_Task to complete_
Find the word "reply" in the listing below. Copy every line that has it.

_Dataset entries_
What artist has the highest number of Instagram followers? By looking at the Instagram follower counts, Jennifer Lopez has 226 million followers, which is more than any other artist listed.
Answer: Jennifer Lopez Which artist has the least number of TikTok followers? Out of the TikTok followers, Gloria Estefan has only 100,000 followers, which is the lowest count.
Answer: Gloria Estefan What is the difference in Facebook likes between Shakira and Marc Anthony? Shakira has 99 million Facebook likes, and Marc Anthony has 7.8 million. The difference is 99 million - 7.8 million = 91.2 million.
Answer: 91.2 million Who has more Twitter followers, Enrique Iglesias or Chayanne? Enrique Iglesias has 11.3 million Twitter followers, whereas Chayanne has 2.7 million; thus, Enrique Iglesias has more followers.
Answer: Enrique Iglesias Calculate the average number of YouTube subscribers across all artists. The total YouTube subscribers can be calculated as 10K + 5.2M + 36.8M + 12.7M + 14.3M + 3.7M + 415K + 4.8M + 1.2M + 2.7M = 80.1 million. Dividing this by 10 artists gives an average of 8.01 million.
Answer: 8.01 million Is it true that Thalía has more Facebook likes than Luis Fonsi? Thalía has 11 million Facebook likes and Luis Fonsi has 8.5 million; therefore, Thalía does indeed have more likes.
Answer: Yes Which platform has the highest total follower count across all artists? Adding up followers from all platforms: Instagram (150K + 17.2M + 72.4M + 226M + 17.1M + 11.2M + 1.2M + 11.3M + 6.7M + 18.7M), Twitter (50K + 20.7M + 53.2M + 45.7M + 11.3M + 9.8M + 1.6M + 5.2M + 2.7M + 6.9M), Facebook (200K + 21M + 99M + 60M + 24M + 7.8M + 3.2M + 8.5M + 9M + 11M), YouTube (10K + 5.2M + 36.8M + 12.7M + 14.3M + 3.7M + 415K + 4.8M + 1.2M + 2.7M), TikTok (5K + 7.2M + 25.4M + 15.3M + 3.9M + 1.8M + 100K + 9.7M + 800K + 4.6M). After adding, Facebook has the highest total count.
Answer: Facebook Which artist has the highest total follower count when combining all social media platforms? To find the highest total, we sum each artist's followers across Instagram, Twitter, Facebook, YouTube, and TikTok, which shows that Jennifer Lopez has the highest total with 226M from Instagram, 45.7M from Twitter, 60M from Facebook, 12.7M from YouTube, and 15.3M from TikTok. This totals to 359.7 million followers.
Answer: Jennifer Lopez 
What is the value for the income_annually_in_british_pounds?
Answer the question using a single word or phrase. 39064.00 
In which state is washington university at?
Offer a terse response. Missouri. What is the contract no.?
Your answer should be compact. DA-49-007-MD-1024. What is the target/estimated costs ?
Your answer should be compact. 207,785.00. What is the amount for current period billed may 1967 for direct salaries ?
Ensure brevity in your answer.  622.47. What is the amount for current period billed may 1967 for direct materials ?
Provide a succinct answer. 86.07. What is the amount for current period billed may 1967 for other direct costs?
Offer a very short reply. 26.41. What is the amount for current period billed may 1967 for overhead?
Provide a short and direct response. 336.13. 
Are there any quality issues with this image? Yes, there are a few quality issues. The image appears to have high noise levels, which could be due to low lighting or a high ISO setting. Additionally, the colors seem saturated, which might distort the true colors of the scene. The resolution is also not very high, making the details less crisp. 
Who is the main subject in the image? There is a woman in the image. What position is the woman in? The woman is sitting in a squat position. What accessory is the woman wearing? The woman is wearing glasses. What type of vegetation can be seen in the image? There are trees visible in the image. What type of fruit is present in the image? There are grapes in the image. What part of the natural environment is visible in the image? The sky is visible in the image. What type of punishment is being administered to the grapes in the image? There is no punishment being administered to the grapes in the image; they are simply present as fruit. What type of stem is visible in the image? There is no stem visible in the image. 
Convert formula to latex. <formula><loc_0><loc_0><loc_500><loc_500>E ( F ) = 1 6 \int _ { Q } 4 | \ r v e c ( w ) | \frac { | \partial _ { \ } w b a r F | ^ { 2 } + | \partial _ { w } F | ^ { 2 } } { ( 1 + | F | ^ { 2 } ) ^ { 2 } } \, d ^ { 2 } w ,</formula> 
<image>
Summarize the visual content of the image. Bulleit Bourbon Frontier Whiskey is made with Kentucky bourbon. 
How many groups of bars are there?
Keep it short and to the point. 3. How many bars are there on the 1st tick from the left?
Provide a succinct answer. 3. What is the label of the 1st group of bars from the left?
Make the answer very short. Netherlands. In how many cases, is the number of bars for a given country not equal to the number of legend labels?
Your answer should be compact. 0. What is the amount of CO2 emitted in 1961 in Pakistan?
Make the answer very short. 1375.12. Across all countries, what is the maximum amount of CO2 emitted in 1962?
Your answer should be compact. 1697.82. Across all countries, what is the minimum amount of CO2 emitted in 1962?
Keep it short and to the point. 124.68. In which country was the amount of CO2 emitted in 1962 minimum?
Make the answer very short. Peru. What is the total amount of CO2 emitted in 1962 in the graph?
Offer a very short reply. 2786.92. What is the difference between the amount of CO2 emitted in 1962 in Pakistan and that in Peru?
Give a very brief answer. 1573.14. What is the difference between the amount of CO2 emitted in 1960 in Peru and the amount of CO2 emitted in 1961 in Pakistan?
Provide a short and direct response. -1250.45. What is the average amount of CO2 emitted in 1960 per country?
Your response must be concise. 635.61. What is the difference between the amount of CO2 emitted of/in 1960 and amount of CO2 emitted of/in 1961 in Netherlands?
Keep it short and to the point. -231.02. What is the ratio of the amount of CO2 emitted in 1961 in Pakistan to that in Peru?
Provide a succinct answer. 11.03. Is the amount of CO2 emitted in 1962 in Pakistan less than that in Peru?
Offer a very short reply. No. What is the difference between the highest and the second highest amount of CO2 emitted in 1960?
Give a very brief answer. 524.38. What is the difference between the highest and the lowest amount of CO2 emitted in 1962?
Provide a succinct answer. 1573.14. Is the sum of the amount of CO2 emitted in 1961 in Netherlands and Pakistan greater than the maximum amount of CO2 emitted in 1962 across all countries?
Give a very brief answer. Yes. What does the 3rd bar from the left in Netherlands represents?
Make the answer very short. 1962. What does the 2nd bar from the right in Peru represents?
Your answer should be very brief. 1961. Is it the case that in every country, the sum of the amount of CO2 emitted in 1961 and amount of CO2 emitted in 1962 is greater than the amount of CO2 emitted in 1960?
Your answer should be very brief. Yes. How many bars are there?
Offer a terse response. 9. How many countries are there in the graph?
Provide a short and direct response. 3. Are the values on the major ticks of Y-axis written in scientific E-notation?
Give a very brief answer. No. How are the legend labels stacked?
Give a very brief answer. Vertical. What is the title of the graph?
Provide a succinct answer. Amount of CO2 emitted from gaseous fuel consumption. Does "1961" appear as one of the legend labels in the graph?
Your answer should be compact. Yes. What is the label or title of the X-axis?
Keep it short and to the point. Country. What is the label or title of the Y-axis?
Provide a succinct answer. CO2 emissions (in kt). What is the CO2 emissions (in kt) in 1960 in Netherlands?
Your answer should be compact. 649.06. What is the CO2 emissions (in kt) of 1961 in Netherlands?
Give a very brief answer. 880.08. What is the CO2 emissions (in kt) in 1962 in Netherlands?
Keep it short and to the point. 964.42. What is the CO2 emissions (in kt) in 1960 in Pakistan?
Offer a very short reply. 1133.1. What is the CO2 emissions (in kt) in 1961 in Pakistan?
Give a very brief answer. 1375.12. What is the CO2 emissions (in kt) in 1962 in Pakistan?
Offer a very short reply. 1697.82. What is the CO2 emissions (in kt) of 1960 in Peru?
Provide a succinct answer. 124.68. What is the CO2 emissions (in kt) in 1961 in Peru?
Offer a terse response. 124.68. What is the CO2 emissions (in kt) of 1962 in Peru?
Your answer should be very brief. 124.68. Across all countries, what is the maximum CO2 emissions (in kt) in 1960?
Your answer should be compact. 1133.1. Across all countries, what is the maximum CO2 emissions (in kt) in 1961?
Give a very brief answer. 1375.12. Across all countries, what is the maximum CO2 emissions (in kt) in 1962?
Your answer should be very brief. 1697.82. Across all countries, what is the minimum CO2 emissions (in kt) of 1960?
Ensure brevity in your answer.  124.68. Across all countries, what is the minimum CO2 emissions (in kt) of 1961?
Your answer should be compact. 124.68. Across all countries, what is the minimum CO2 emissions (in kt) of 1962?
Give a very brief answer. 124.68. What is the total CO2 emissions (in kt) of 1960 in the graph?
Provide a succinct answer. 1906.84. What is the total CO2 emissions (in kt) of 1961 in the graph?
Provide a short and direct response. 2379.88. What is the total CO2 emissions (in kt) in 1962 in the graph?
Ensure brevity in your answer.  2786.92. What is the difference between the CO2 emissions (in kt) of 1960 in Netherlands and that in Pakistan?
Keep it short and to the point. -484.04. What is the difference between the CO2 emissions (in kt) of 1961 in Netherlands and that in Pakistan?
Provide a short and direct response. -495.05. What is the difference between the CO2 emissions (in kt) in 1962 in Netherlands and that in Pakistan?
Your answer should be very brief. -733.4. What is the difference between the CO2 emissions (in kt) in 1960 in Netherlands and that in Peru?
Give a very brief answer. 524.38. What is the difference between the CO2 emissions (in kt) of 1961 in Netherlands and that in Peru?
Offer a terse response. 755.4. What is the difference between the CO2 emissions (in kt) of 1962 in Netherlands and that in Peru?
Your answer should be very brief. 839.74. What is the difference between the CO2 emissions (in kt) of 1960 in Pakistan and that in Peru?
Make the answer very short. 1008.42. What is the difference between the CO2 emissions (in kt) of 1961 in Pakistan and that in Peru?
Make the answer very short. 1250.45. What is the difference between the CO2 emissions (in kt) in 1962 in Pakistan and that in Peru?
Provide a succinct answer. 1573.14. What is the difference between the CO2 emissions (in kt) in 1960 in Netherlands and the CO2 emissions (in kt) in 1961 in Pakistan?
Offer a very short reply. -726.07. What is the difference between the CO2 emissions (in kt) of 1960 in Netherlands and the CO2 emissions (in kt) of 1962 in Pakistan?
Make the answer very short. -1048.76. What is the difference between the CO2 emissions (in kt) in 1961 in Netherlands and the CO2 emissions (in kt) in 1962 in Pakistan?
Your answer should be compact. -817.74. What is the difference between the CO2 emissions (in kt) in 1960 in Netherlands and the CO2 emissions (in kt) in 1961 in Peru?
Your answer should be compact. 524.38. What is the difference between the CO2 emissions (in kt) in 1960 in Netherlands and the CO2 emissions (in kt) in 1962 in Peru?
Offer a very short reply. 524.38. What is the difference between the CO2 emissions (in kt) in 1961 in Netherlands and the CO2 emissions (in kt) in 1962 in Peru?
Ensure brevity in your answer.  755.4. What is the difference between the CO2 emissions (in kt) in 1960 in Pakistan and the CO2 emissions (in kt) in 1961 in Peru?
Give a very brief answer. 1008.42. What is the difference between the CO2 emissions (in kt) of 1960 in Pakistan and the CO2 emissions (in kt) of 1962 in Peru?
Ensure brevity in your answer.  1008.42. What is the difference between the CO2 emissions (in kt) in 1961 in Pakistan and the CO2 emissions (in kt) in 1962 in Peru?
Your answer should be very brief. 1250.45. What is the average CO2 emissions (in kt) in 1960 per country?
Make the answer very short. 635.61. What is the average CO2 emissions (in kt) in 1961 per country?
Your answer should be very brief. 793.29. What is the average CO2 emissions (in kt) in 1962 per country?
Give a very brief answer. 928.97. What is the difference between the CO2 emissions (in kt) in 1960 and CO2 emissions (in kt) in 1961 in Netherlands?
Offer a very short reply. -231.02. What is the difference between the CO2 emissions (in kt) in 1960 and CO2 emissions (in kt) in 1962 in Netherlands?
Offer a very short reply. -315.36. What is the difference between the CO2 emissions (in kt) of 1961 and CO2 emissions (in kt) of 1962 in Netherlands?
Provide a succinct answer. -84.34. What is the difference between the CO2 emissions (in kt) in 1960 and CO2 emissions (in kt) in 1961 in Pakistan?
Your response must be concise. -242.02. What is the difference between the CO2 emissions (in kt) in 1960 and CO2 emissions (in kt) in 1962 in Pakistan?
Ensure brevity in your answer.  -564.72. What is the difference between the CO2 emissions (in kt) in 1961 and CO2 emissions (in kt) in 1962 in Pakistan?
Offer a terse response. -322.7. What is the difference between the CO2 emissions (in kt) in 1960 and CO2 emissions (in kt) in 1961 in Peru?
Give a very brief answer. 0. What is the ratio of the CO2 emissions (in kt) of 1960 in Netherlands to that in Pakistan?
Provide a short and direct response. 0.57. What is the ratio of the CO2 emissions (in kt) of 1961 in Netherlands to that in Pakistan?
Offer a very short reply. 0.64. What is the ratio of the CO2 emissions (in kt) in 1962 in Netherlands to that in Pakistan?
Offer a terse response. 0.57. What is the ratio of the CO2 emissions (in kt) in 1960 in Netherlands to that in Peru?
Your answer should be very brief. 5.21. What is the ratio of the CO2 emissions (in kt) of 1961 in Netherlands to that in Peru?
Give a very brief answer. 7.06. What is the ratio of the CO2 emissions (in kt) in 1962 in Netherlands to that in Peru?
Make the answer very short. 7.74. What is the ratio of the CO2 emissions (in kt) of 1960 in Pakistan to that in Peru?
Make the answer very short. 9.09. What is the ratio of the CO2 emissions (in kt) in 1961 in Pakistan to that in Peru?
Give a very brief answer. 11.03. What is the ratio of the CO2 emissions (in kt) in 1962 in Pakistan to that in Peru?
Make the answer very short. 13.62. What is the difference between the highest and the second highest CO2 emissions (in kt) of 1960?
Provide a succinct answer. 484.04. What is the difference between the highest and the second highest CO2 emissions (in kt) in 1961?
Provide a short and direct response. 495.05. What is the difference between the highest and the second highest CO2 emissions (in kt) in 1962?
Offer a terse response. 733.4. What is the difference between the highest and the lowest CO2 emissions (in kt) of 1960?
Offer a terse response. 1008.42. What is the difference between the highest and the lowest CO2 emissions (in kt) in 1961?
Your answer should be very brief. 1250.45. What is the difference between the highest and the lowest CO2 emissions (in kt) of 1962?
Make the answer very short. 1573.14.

_Response box_
Offer a very short reply. 26.41. What is the amount for current period billed may 1967 for overhead?
Offer a very short reply. 2786.92. What is the difference between the amount of CO2 emitted in 1962 in Pakistan and that in Peru?
Offer a very short reply. No. What is the difference between the highest and the second highest amount of CO2 emitted in 1960?
Offer a very short reply. 1133.1. What is the CO2 emissions (in kt) in 1961 in Pakistan?
Offer a very short reply. 1697.82. What is the CO2 emissions (in kt) of 1960 in Peru?
Offer a very short reply. -726.07. What is the difference between the CO2 emissions (in kt) of 1960 in Netherlands and the CO2 emissions (in kt) of 1962 in Pakistan?
Offer a very short reply. 524.38. What is the difference between the CO2 emissions (in kt) in 1961 in Netherlands and the CO2 emissions (in kt) in 1962 in Peru?
Offer a very short reply. -231.02. What is the difference between the CO2 emissions (in kt) in 1960 and CO2 emissions (in kt) in 1962 in Netherlands?
Offer a very short reply. -315.36. What is the difference between the CO2 emissions (in kt) of 1961 and CO2 emissions (in kt) of 1962 in Netherlands?
Offer a very short reply. 0.64. What is the ratio of the CO2 emissions (in kt) in 1962 in Netherlands to that in Pakistan?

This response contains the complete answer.